A: No silver residue is visually observed, and the surface specific resistance of the non-patterned portion is 10 ¹⁵ Ω / □ or more. ○: No silver residue is visually observed, and the surface specific resistance of the non-patterned portion is 10 ¹³ Ω / □ or more. Δ: Silver residue is visually observed in an uneven shape, and the surface specific resistance of the non-patterned portion is 10 ⁶ Ω / □ or less. X: The silver remaining is almost visually observed, and the surface specific resistance of the non-patterned portion is 10 ² Ω / □ or less.
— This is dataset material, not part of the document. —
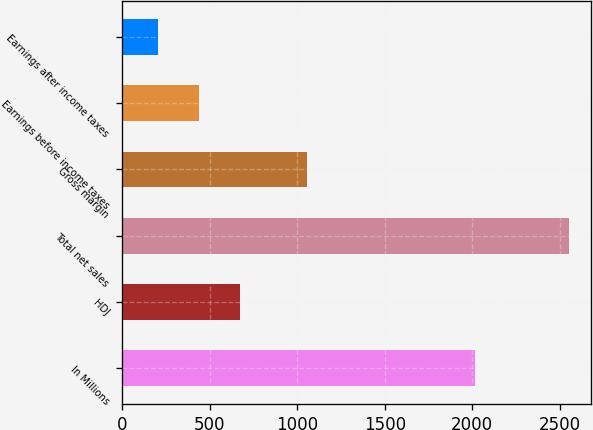Convert chart to OTSL. <chart><loc_0><loc_0><loc_500><loc_500><bar_chart><fcel>In Millions<fcel>HDJ<fcel>Total net sales<fcel>Gross margin<fcel>Earnings before income taxes<fcel>Earnings after income taxes<nl><fcel>2013<fcel>671.82<fcel>2552.7<fcel>1057.3<fcel>436.71<fcel>201.6<nl></chart>

The evaluation results are shown in Table 1.

  From Table 1, it can be seen that the patterned electrode of the present invention is excellent in conductivity (surface specific resistance), transparency (transmittance), and non-patterned portion etching properties.
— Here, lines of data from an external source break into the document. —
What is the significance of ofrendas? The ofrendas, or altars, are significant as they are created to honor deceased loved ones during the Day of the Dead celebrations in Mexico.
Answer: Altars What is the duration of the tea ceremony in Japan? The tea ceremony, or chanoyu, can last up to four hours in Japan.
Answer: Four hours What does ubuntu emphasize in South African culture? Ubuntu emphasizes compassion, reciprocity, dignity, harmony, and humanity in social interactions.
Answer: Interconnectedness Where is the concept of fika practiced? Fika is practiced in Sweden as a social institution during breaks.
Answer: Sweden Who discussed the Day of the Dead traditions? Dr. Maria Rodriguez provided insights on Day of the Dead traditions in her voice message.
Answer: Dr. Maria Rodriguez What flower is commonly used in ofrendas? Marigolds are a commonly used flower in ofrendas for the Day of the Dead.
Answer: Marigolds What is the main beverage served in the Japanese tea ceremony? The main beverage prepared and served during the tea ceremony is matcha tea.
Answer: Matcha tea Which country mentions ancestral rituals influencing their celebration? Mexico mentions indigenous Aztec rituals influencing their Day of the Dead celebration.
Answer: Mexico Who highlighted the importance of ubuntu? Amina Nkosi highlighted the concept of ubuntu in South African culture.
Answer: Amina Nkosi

DESCRIPTION OF SYMBOLS 1 1st support body 2 Conductive layer 3 Water-soluble binder 4 Resin layer 10 2nd support body 11 Transparent electrode 20 Metal fine particle removal liquid 30 Pattern electrode

Claims (5)

  In the method for producing a patterned electrode comprising a conductive layer containing metal fine particles formed on a support, the pattern electrode comprises a conductive layer containing metal fine particles formed on a first support via a resin layer. And a step of peeling off the first support, pattern printing of the metal fine particle removing liquid on the conductive layer transferred onto the second support, and then washing with water. A process for producing a patterned electrode, comprising the steps of: and a conductive layer containing a water-soluble binder on the outermost surface side of the conductive layer after transfer.   The method for producing a patterned electrode according to claim 1, wherein the resin layer is a thermosetting resin or a photocurable resin.   The method for producing a patterned electrode according to claim 1, wherein the metal fine particles are metal nanowires.   The method for producing a patterned electrode according to claim 1, wherein the metal fine particle removing liquid contains a photographic bleach-fixing liquid.   A pattern electrode manufactured by the method for manufacturing a pattern electrode according to claim 1.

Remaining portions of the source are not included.